-4

The standard usage of grep is to return lines that match a pattern.

If a line can contain several matches of the pattern, how can I count each match individually, not the total number of matches?

terdon
  • 242,166

3 Answers3

4

The grep command has a -c option that counts the number of lines matched by a pattern. Since the standard usage of grep is to return lines that match a pattern, this solves the task "count the number of matches".

If a line can contain several matches of the pattern, you may use grep with its non-standard -o option if you want to count each match individually. This isolates each match on a line of its own. You may then count the number of matches by passing the result through wc -l. This uses wc to do the actual counting, not grep. However, you could cheat and use grep -c . in place of wc -l to count the number of non-empty lines returned from the first grep. Since that is a bit of a hack, and since wc -l does literally what we want, we'll use wc in the examples below.

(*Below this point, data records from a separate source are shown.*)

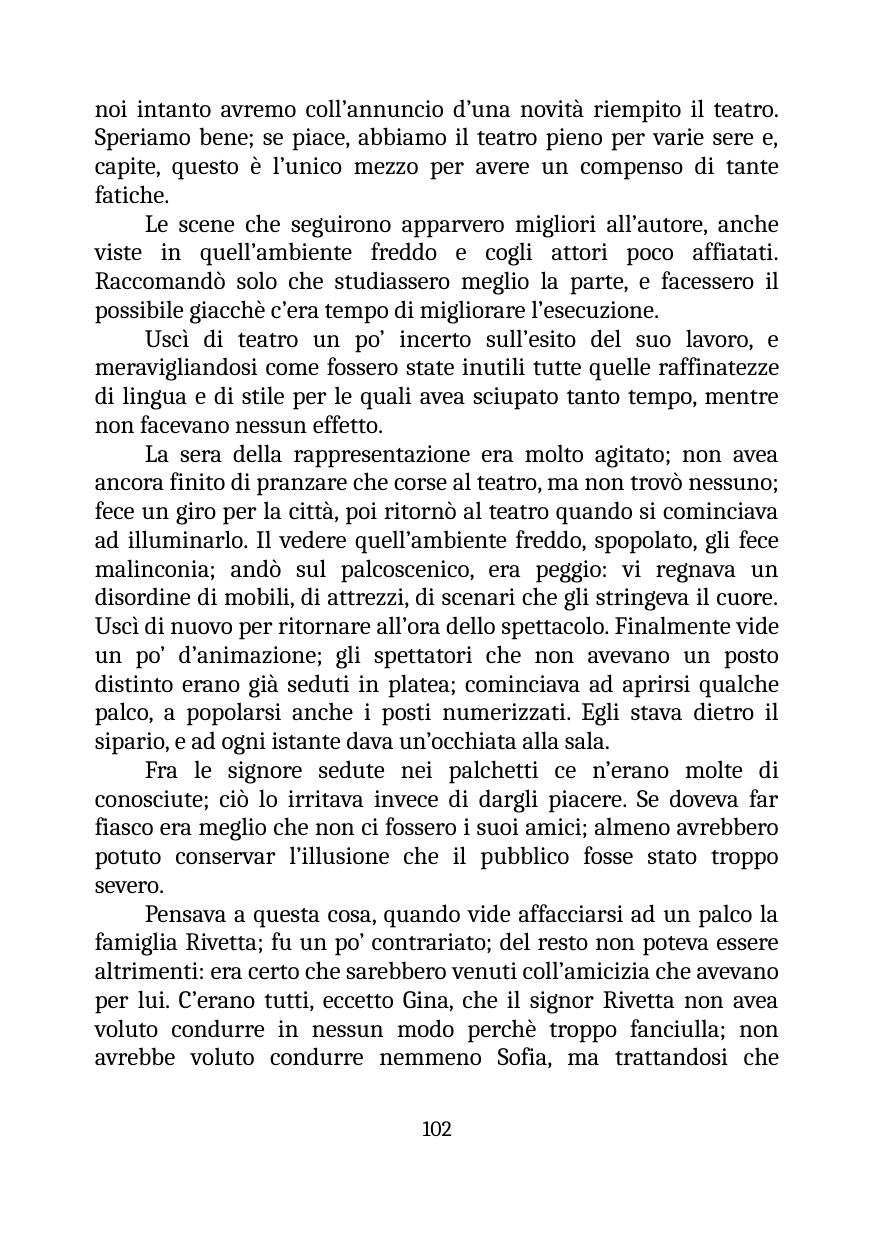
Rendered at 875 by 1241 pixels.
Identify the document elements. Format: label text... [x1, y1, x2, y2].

text noi intanto avremo coll’annuncio d’una novità riempito il teatro. Speriamo bene; se piace, abbiamo il teatro pieno per varie sere e, capite, questo è l’unico mezzo per avere un compenso di tante fatiche. [94, 94, 779, 209]
text Fra le signore sedute nei palchetti ce n’erano molte di conosciute; ciò lo irritava invece di dargli piacere. Se doveva far fiasco era meglio che non ci fossero i suoi amici; almeno avrebbero potuto conservar l’illusione che il pubblico fosse stato troppo severo. [94, 756, 779, 899]
text Uscì di teatro un po’ incerto sull’esito del suo lavoro, e meravigliandosi come fossero state inutili tutte quelle raffinatezze di lingua e di stile per le quali avea sciupato tanto tempo, mentre non facevano nessun effetto. [94, 324, 779, 439]
text La sera della rappresentazione era molto agitato; non avea ancora finito di pranzare che corse al teatro, ma non trovò nessuno; fece un giro per la città, poi ritornò al teatro quando si cominciava ad illuminarlo. Il vedere quell’ambiente freddo, spopolato, gli fece malinconia; andò sul palcoscenico, era peggio: vi regnava un disordine di mobili, di attrezzi, di scenari che gli stringeva il cuore. Uscì di nuovo per ritornare all’ora dello spettacolo. Finalmente vide un po’ d’animazione; gli spettatori che non avevano un posto distinto erano già seduti in platea; cominciava ad aprirsi qualche palco, a popolarsi anche i posti numerizzati. Egli stava dietro il sipario, e ad ogni istante dava un’occhiata alla sala. [94, 439, 779, 756]
text Pensava a questa cosa, quando vide affacciarsi ad un palco la famiglia Rivetta; fu un po’ contrariato; del resto non poteva essere altrimenti: era certo che sarebbero venuti coll’amicizia che avevano per lui. C’erano tutti, eccetto Gina, che il signor Rivetta non avea voluto condurre in nessun modo perchè troppo fanciulla; non avrebbe voluto condurre nemmeno Sofia, ma trattandosi che [94, 899, 779, 1072]
text Le scene che seguirono apparvero migliori all’autore, anche viste in quell’ambiente freddo e cogli attori poco affiatati. Raccomandò solo che studiassero meglio la parte, e facessero il possibile giacchè c’era tempo di migliorare l’esecuzione. [94, 209, 779, 324]

See the manuals for grep and wc on your system.

Example: The number of lines matching the pattern G in file:

$ grep -c -e G file
7

Example: The number of matches in the same file, but counting each match individually:

$ grep -o -e G file | wc -l
      18
Kusalananda
  • 333,661
1

Using awk:

$ awk '{a += gsub(/pat/,"&"); } END{print a}' file

Or

$ awk '{for(i=1;i<=NF;i++)if ($i ~ /pat/)  ++a}END{print a}'

The command is slightly changed for overlapping matching taken from this answer.

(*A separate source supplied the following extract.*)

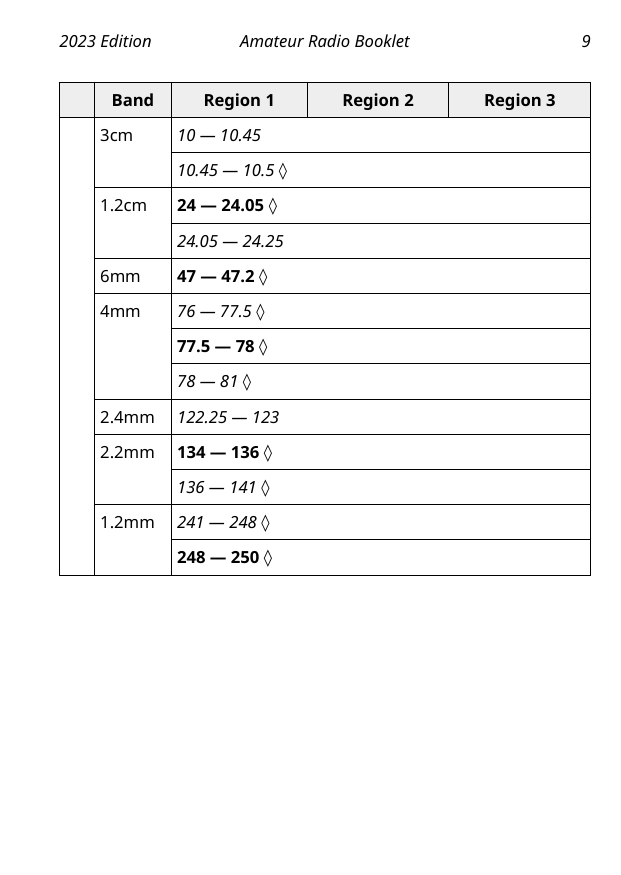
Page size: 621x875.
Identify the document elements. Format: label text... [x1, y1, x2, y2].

$ echo abababa | awk '{ while (a=index($0,"aba"))  {++count; $0=substr($0,a+1)}}END{print count}'
0

With perl, you could do:

perl -lsne '$count++ while m{$regex}g; END{print +$count}' -- -regex='perl regex'

That has the advantage of also counting empty matches such as:

$ seq 10 perl -lsne '$count++ while m{$regex}g; END{print +$count}' -- -regex='\b'
20

(20 word boundaries in the contents of the lines of the output of seq 10).

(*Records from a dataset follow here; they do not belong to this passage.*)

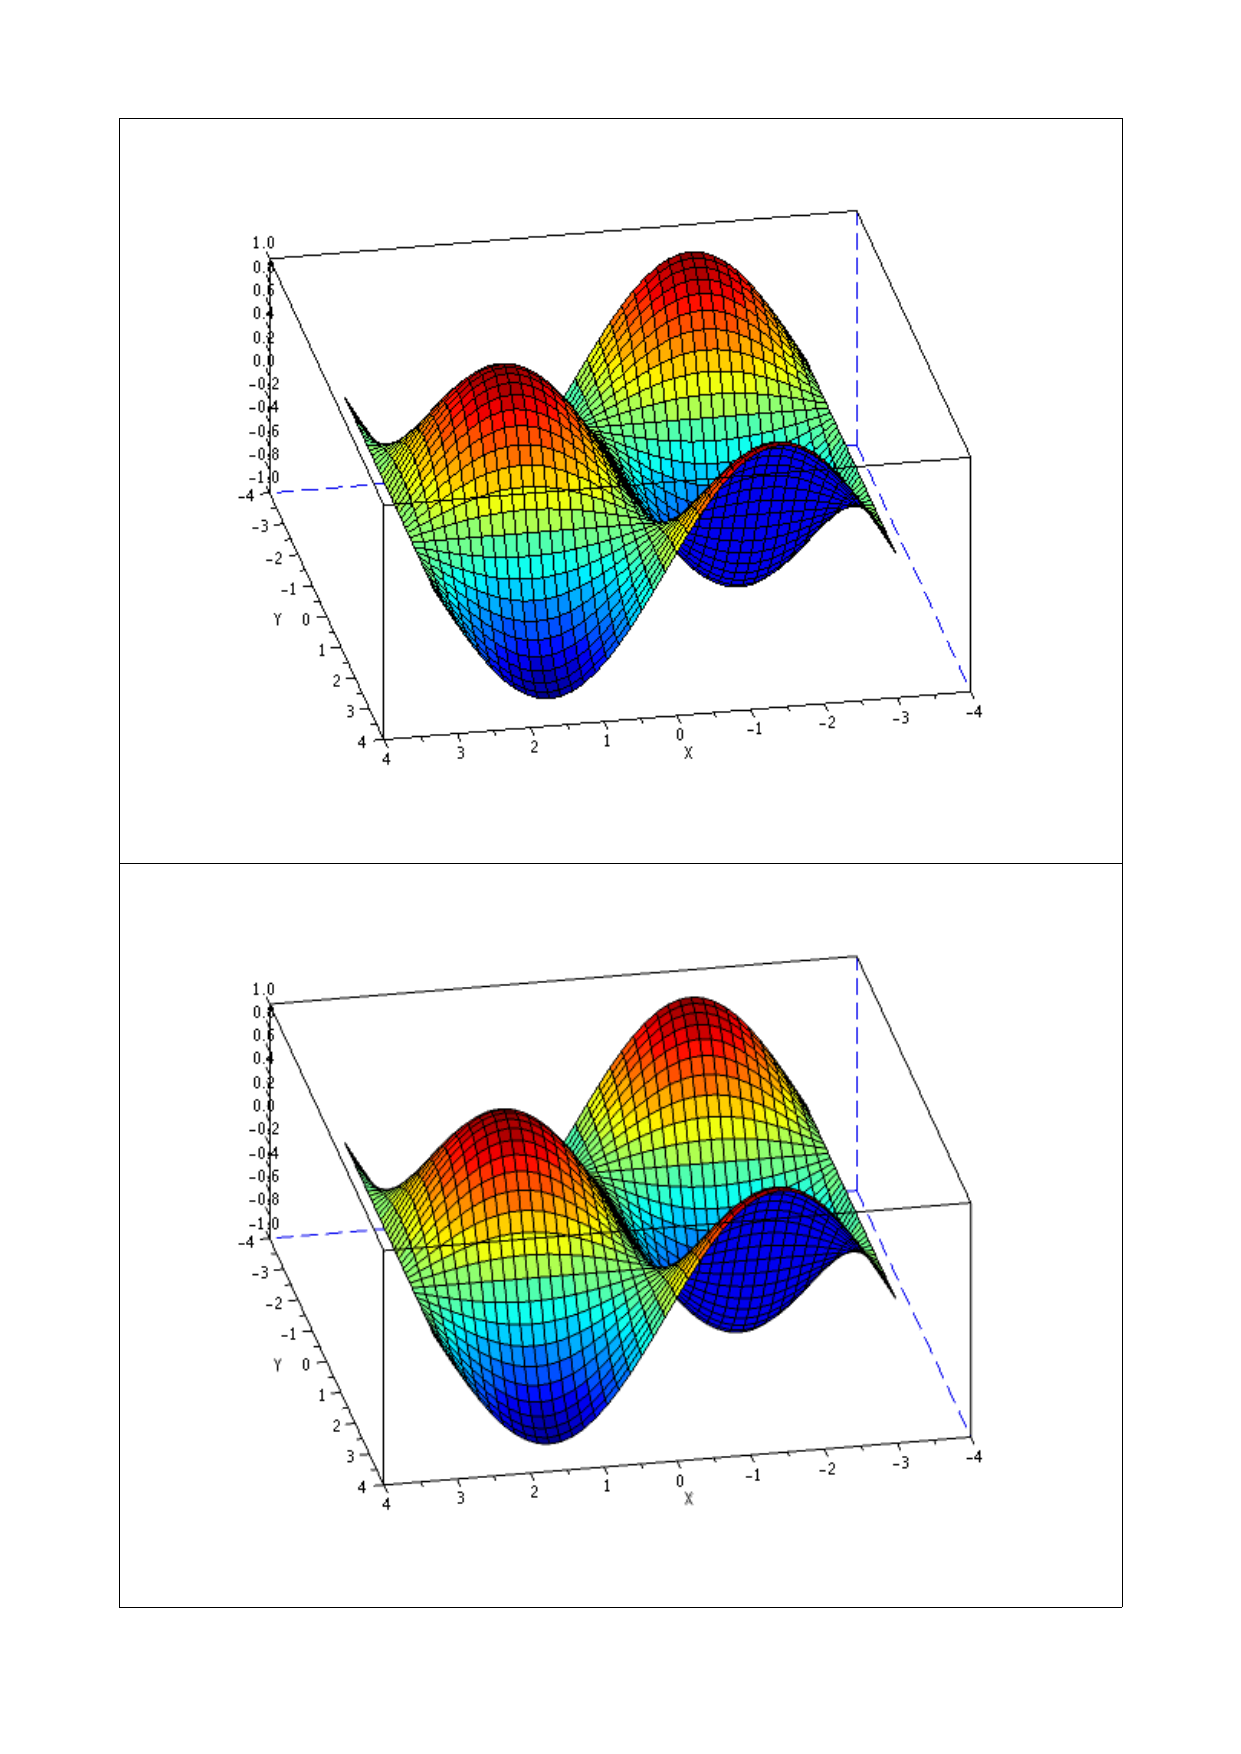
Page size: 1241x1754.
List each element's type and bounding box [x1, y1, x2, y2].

picture [153, 123, 1088, 828]
table_cell [120, 1573, 1122, 1607]
picture [153, 868, 1088, 1573]
table_cell [120, 864, 1122, 1572]
table_header [120, 119, 1122, 862]

With perl regexps, you can also handle some cases of overlapping matches by using look-around operators:

$ echo abababa | perl -lsne '$count++ while m{$regex}g; END{print +$count}' -- -regex='aba'
2
$ echo abababa | perl -lsne '$count++ while m{$regex}g; END{print +$count}' -- -regex='(?=aba)'
3

Which instead of matching on occurrences of aba, matches on the positions within the line where aba can be seen ahead.